**Instructions to follow**
Below are some entries. Copy each line that holds the string "long".

**Extracted data**
——

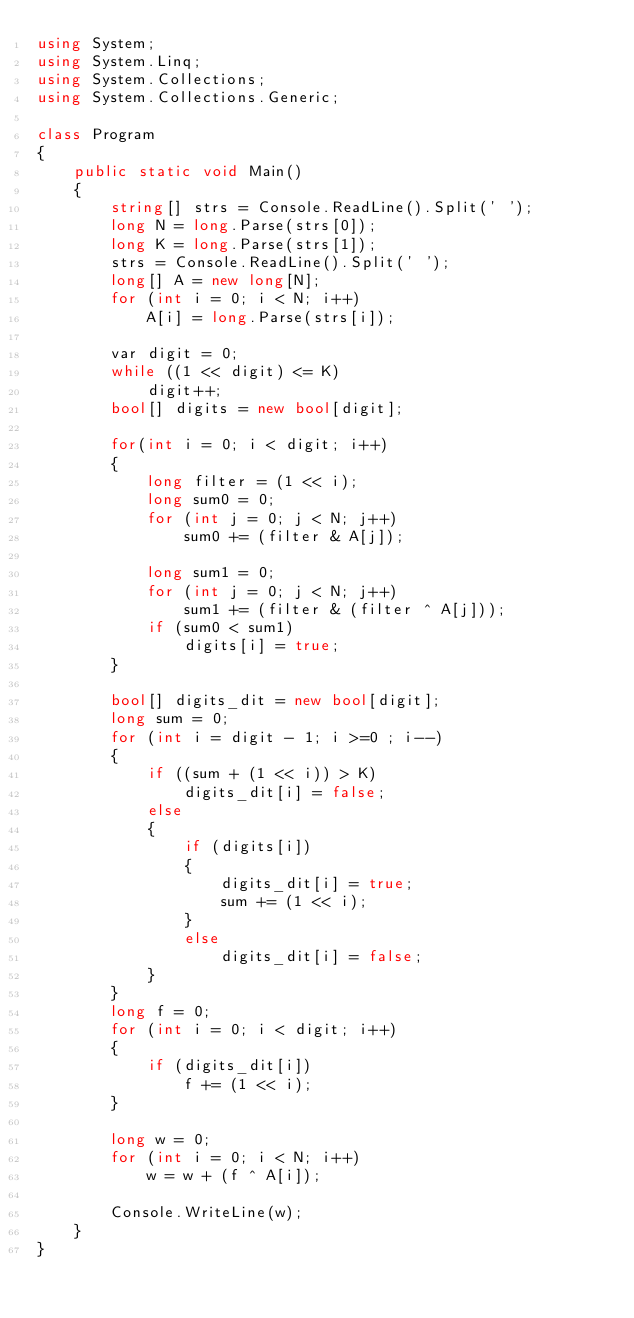<code> <loc_0><loc_0><loc_500><loc_500><_C#_>using System;
using System.Linq;
using System.Collections;
using System.Collections.Generic;

class Program
{
    public static void Main()
    {
        string[] strs = Console.ReadLine().Split(' ');
        long N = long.Parse(strs[0]);
        long K = long.Parse(strs[1]);
        strs = Console.ReadLine().Split(' ');
        long[] A = new long[N];
        for (int i = 0; i < N; i++)
            A[i] = long.Parse(strs[i]);
        
        var digit = 0;
        while ((1 << digit) <= K)
            digit++;
        bool[] digits = new bool[digit];

        for(int i = 0; i < digit; i++)
        {
            long filter = (1 << i);
            long sum0 = 0;
            for (int j = 0; j < N; j++)
                sum0 += (filter & A[j]);

            long sum1 = 0;
            for (int j = 0; j < N; j++)
                sum1 += (filter & (filter ^ A[j]));
            if (sum0 < sum1)
                digits[i] = true;
        }

        bool[] digits_dit = new bool[digit];
        long sum = 0;
        for (int i = digit - 1; i >=0 ; i--)
        {
            if ((sum + (1 << i)) > K)
                digits_dit[i] = false;
            else
            {
                if (digits[i])
                {
                    digits_dit[i] = true;
                    sum += (1 << i);
                }
                else
                    digits_dit[i] = false;
            }
        }
        long f = 0;
        for (int i = 0; i < digit; i++)
        {
            if (digits_dit[i])
                f += (1 << i);
        }

        long w = 0;
        for (int i = 0; i < N; i++)
            w = w + (f ^ A[i]);

        Console.WriteLine(w);
    }
}</code> 
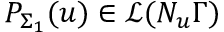<formula> <loc_0><loc_0><loc_500><loc_500>P _ { \Sigma _ { 1 } } ( u ) \in \mathcal { L } ( N _ { u } \Gamma )</formula> 
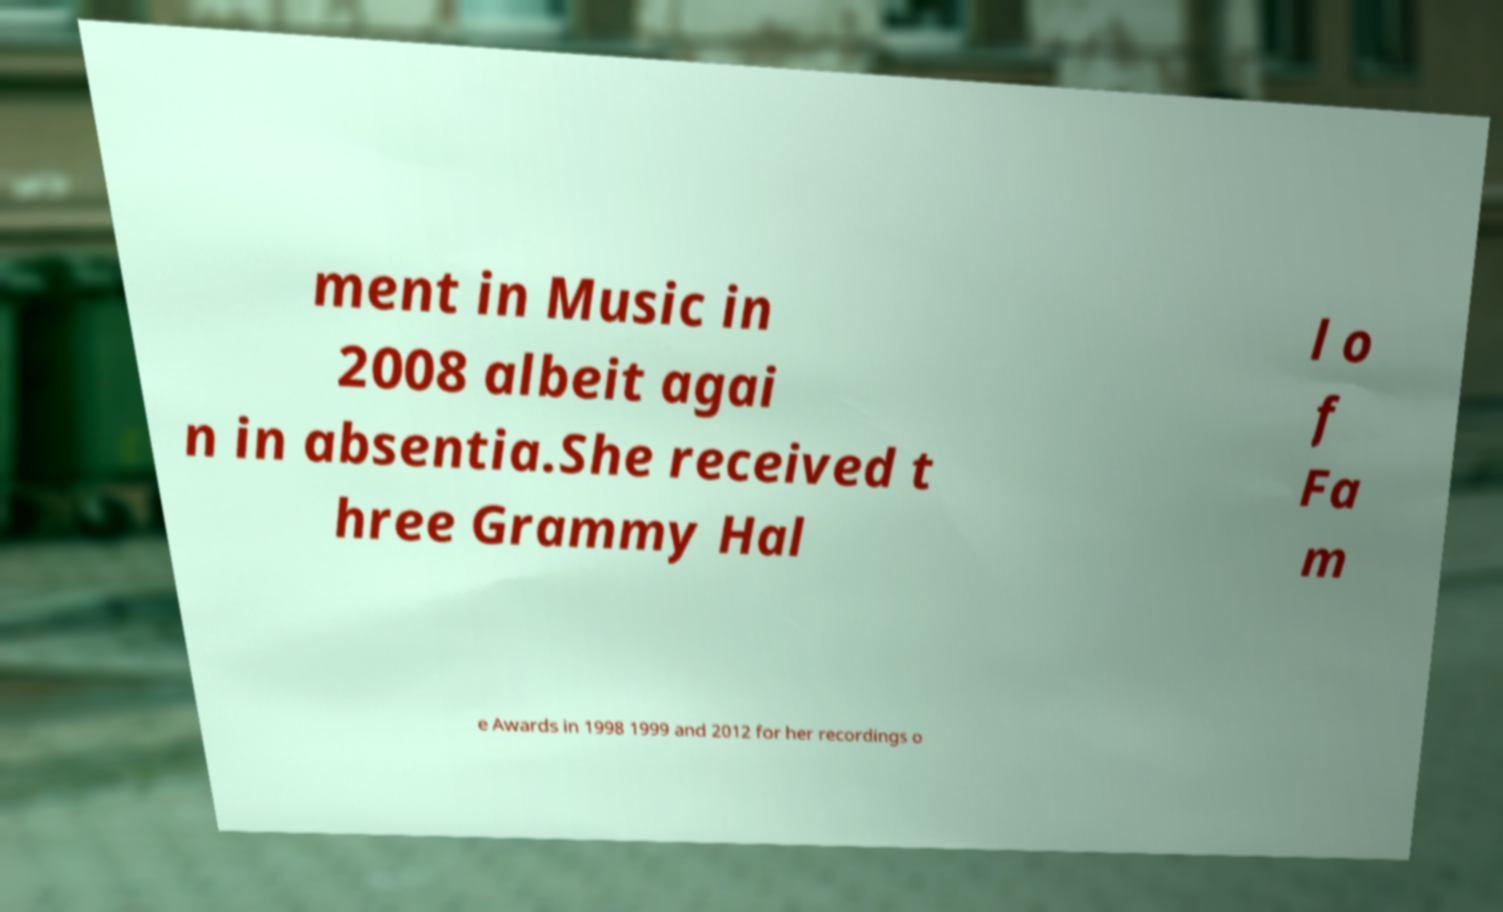Could you assist in decoding the text presented in this image and type it out clearly? ment in Music in 2008 albeit agai n in absentia.She received t hree Grammy Hal l o f Fa m e Awards in 1998 1999 and 2012 for her recordings o 
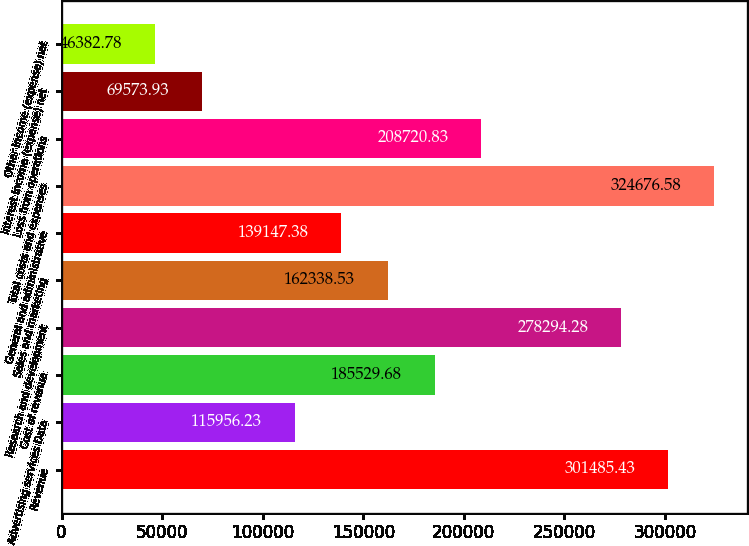Convert chart to OTSL. <chart><loc_0><loc_0><loc_500><loc_500><bar_chart><fcel>Revenue<fcel>Advertising services Data<fcel>Cost of revenue<fcel>Research and development<fcel>Sales and marketing<fcel>General and administrative<fcel>Total costs and expenses<fcel>Loss from operations<fcel>Interest income (expense) net<fcel>Other income (expense) net<nl><fcel>301485<fcel>115956<fcel>185530<fcel>278294<fcel>162339<fcel>139147<fcel>324677<fcel>208721<fcel>69573.9<fcel>46382.8<nl></chart> 
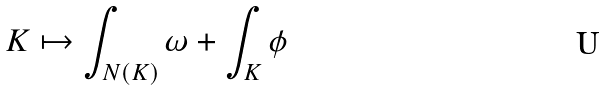Convert formula to latex. <formula><loc_0><loc_0><loc_500><loc_500>K \mapsto \int _ { N ( K ) } \omega + \int _ { K } \phi</formula> 
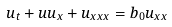<formula> <loc_0><loc_0><loc_500><loc_500>u _ { t } + u u _ { x } + u _ { x x x } = b _ { 0 } u _ { x x }</formula>

——

**Answer for the task**
        long N = long.Parse(strs[0]);
        long K = long.Parse(strs[1]);
        long[] A = new long[N];
            A[i] = long.Parse(strs[i]);
            long filter = (1 << i);
            long sum0 = 0;
            long sum1 = 0;
        long sum = 0;
        long f = 0;
        long w = 0;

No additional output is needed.